During the study, the scientists’ team obtained blood from patients suffering from HIV Virus. The T-cells from these patients were cultured in the laboratory and they were later treated with Crispr gene editing system in which the which targeted the proteins used in enzymes to eliminate genetic sequence of the HIV Virus cells. The results from the study proved that it was possible for the scientists to eliminate the virus and bar it from re-infecting the cells once treated. Despite the fact that gene editing has became a fundamental medical research in the current HIV phenomenon, scientists and research fears that the process might result into further health complications (Zhang, et al. 2015). Nevertheless, through the use of high detailed genome sequence analysis of the cells treatment, scientists and researchers believes after HIV cells treatment AIDS patients will continue to function normally without any side effects.

Elimination of HIV-1 Genomes from Human T-lymphoid Cells by Cas9 Gene Editing

AIDS remains a critical public health crisis in the world. Currently, over thirty five million people in the world are believed to be HIV infected in the globe. New infections are expected to rise with a steady rate of 3 million in the coming years (Doug, 2016). The Antiretroviral therapy is believed to effectively control the Viremia in HIV patients and restore the host cell but failed to eliminate the latently infected T-cells. Individuals infected with HIV virus must consistently continue to consume ART given the persistence of the reservoir cells of the HIV-1-infection virus. During the latency stage, the HIV infected cells within a human being, there are little or no viral proteins are produced. Therefore, they result into avoidance of the viral cytopathic effects and evade the clearance by the host immune system.
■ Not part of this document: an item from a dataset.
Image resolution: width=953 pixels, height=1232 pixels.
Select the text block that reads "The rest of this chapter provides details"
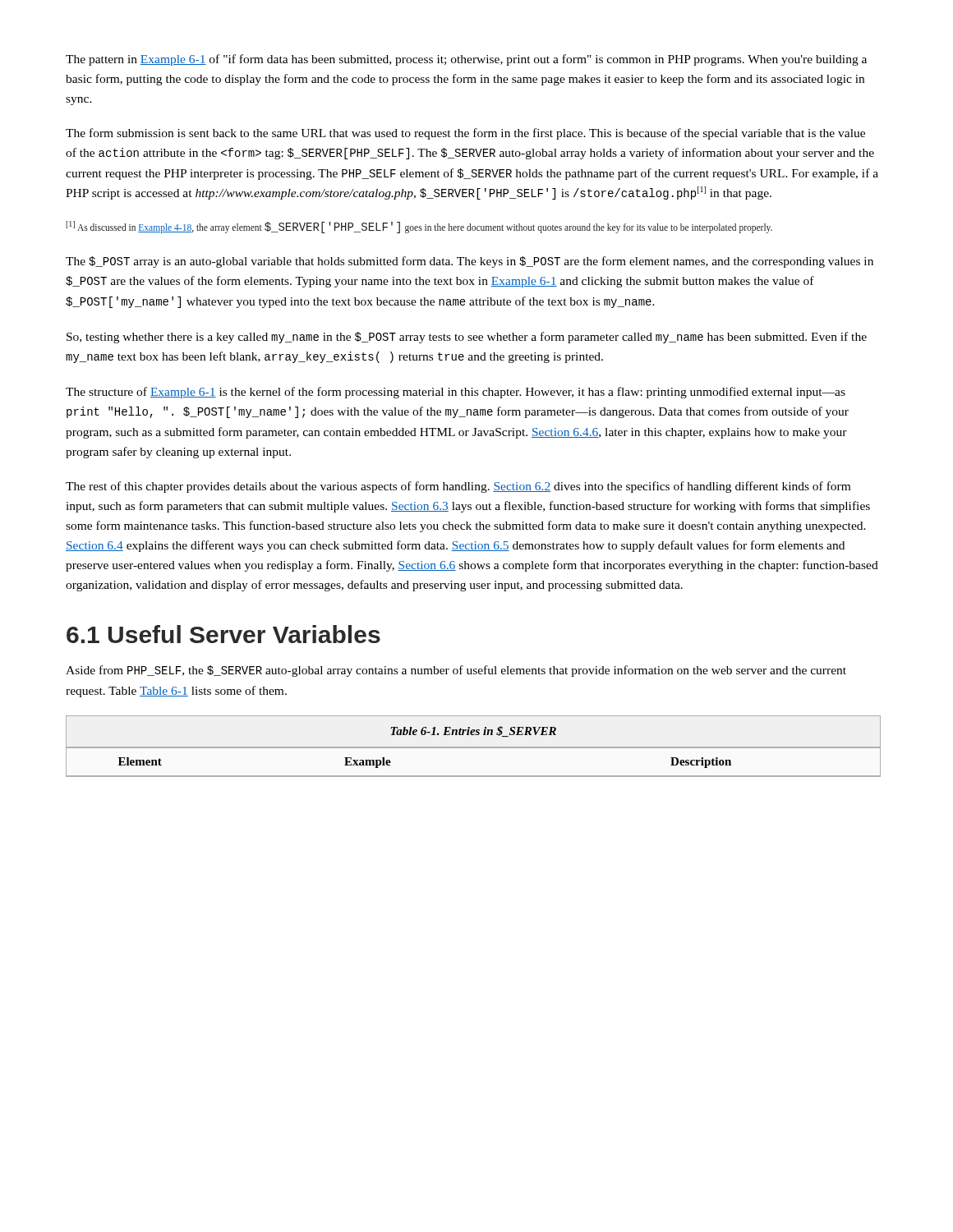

Given the fact that the CD4+ memory T-cells cubicle which is believed to be the most prominent latently infected is the critical focus of the research in eliminating the HIV-1 infection.  Under this approach, the researchers and scientists continue to use kill and shock approach to trigger elimination of the cells producing the HIV virus. The inhibition of the Vorinostat and deacetylase results into reactivation of the latent virus in the cells.

However, there are numerous limitations to the approach because most HIV genomes fractions in the reservoir are believed to be non-functional. Moreover, the integrated provirus might fail to produce replication of the virus fully, the CD4+ cell of the HIV-1 infections have been found by the viral outgrowth analyzes to be smaller that the cells being reactivated within the reservoir. The elimination of the reactivated infected cells using the cytotoxix T lymphocyte has not been sufficient. There is possibility of viral rebound of the uninfected T-cells hence difficult to protect the uninfected people in the society (Zhang, et al. 2015). Despite the approach therapeutic efficacy and success, The ART treatment has been unable to treat and eradicate the HIV-1 infected patients and necessitates these patients to undergo long life treatment and medication. As a result, a new therapeutic approach is required in order to achieve complete treatment and elimination of the HIV-1-infection, reduce the medical costs and long term side effects associated with the treatment and elimination of the virus.

Pre-Exposure Prophylaxis (PrEP)

The pre-exposure prophylaxis (PrEP) is the recent HIV-Infection virus prevention method where people uninfected with HIV virus usually takes daily pills in order to reduce the risk of being infected. The pills taken contain two medicines which are used to treat HIV. People who regularly take these pills once exposed to HIV through sexual inter-course the pills prevent them from infection (Karn, 2013). The PrEP is the modern powerful technique which may be combined with the use of condoms to provide HIV virus infection prevention. People who normally use this method of HIV virus prevention must be committed to taking drugs daily and visiting health care providers after every three months.

As a matter of fact, PrEP pills are not consumed by everybody but consumed by people who are at a high risk of HIV virus infection and are HIV negative. It is also appropriate for HIV negative individual in a relationship with a HIV positive partner. It is also applicable to heterosexual partners who regularly engage in unproductive sex, gays and an individual who is polygamous. The PrEP is the most effective strategy for preventing individuals from being infected with HIV virus. It is only regarded to be ineffective if the pills are not taken consistently.  The strategy become even more effective once combined with the use of condoms (Karn, 2013). People using the PrEP encounter minor side effects such as loss of appetite and stomachache. In conclusion, the PrEP HIV Virus prevention has been regarded to be the safest way to prevent HIV infections.